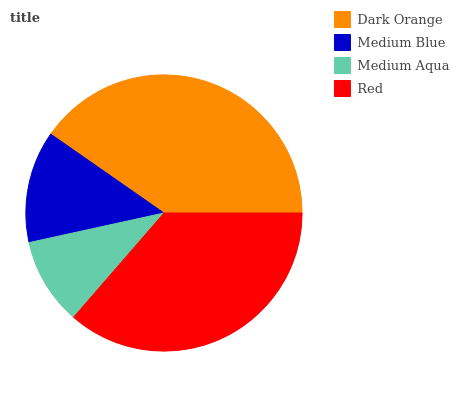Is Medium Aqua the minimum?
Answer yes or no. Yes. Is Dark Orange the maximum?
Answer yes or no. Yes. Is Medium Blue the minimum?
Answer yes or no. No. Is Medium Blue the maximum?
Answer yes or no. No. Is Dark Orange greater than Medium Blue?
Answer yes or no. Yes. Is Medium Blue less than Dark Orange?
Answer yes or no. Yes. Is Medium Blue greater than Dark Orange?
Answer yes or no. No. Is Dark Orange less than Medium Blue?
Answer yes or no. No. Is Red the high median?
Answer yes or no. Yes. Is Medium Blue the low median?
Answer yes or no. Yes. Is Medium Aqua the high median?
Answer yes or no. No. Is Medium Aqua the low median?
Answer yes or no. No. 
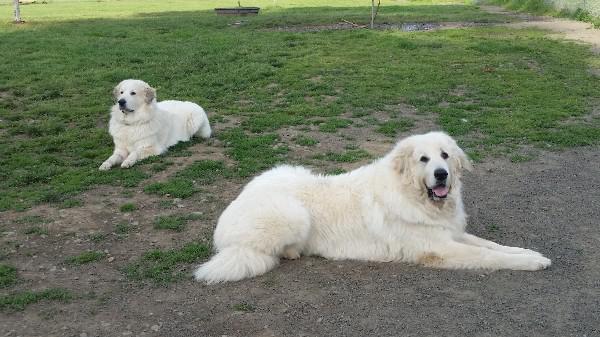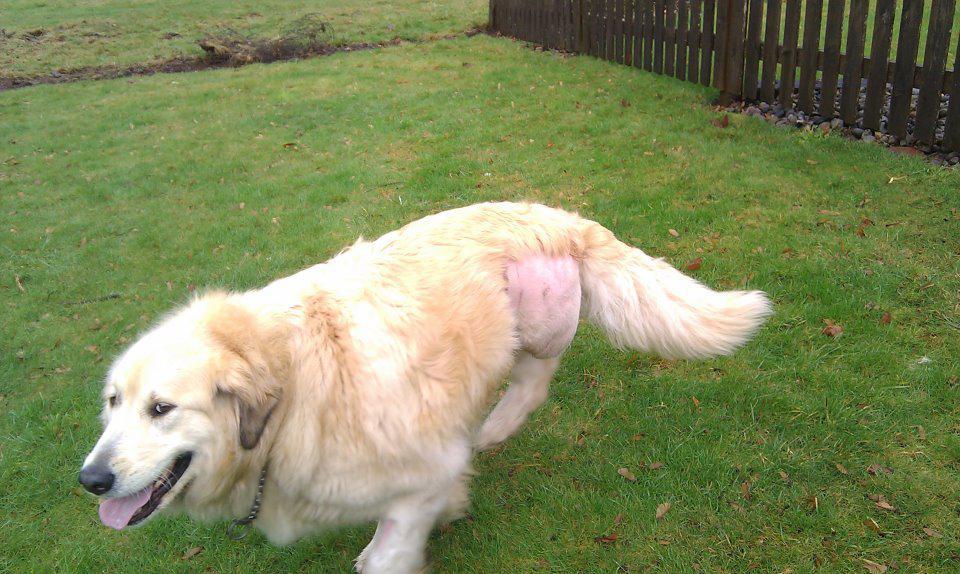The first image is the image on the left, the second image is the image on the right. Considering the images on both sides, is "There are at most two dogs." valid? Answer yes or no. No. The first image is the image on the left, the second image is the image on the right. Considering the images on both sides, is "The images together contain no more than two dogs." valid? Answer yes or no. No.

= Exercise requirements =
Take the line containing "Answer yes or no. No. Is Red the high median?" and every line after it up to the end of the data, and write them out exactly, without the pictures.

= Answer space =
Answer yes or no. No. Is Red the high median?
Answer yes or no. Yes. Is Medium Blue the low median?
Answer yes or no. Yes. Is Medium Aqua the high median?
Answer yes or no. No. Is Medium Aqua the low median?
Answer yes or no. No. 
The first image is the image on the left, the second image is the image on the right. Considering the images on both sides, is "There are at most two dogs." valid? Answer yes or no. No. The first image is the image on the left, the second image is the image on the right. Considering the images on both sides, is "The images together contain no more than two dogs." valid? Answer yes or no. No.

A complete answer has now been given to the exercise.